Low-carbon fertilizer cooling

Widespread sustainability commitments by producers and users in the fertilizer industry are creating trickle-down effects within the entire supply chain and, notably, giving technology partners opportunities to participate in innovation at all points along the production process. 

1121 World Fertilizer coverThis has left no stone unturned as companies around the world look for more sustainable ways to produce fertilizer – and perhaps best illustrated by what’s happening at the cooling stage.

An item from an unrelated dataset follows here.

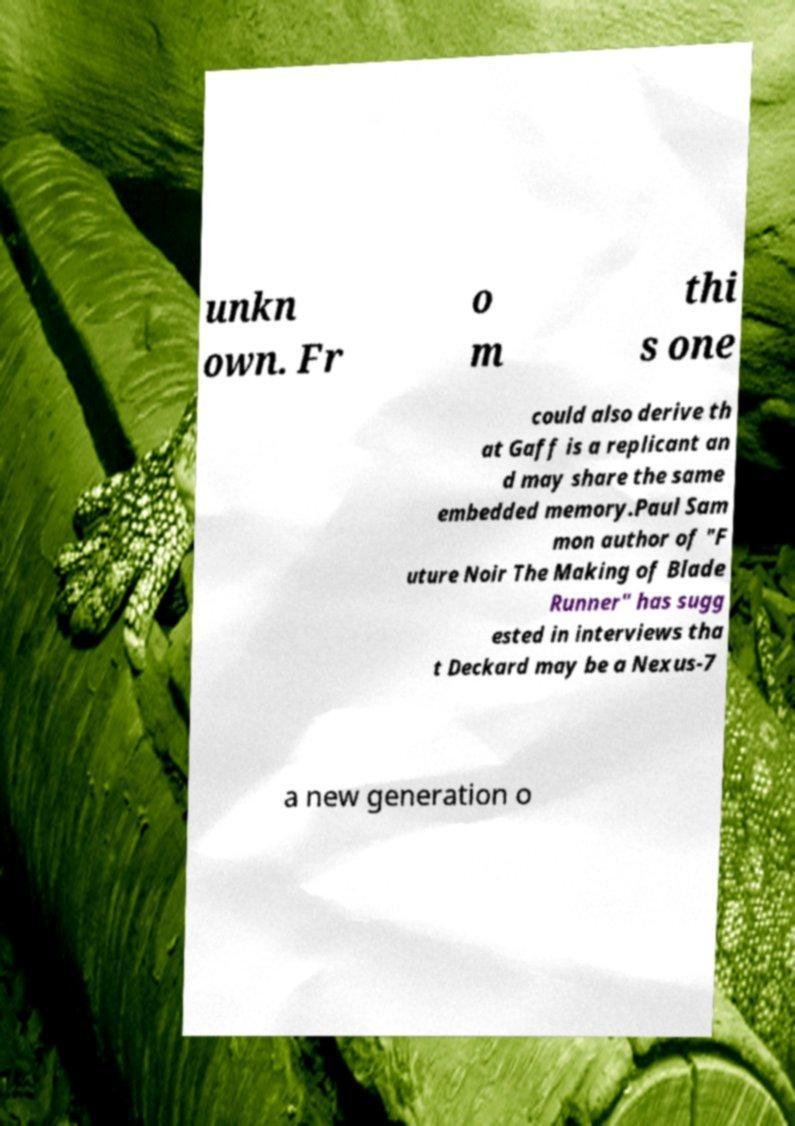Please identify and transcribe the text found in this image. unkn own. Fr o m thi s one could also derive th at Gaff is a replicant an d may share the same embedded memory.Paul Sam mon author of "F uture Noir The Making of Blade Runner" has sugg ested in interviews tha t Deckard may be a Nexus-7 a new generation o

In the November/December 2021 issue of World Fertilizer magazine, Igor Makarenko, Global Director, Fertilizers with Solex Thermal Science discusses why moving bed heat exchangers that rely on vertical plate technology to indirectly cool fertilizer, has emerged as a more sustainable and, in turn, standard solution when compared to direct-contact alternatives

As part of his discussion, Makarenko focus on two main areas as to why: 

Reduced energy consumption: Vertical plate technology can drastically cut energy consumption through a stacked-plate design that cools fertilizer particles through conduction instead of convection. By not relying on air during the fertilizer cooling process, the energy required with vertical plate technology is significantly less than direct-contact alternatives. Estimates peg that difference at upward of four to five kWh/tonne of fertilizer cooled compared to a fluid bed system.

Near-zero emissions: With vertical plate technology, emissions, dust and odours are not significant because air is not used as a cooling media. Instead, fluids flow counter-currently through the plates, thereby never coming into contact with the product. Research by Solex shows that the indirect method of cooling fertilizer emits just 0.42 kilograms of CO2 emissions per 1 kWh – an estimated eight times less than comparable direct-contact cooling technologies.  

Learn more by downloading a pdf version of the full story in World Fertilizer magazine.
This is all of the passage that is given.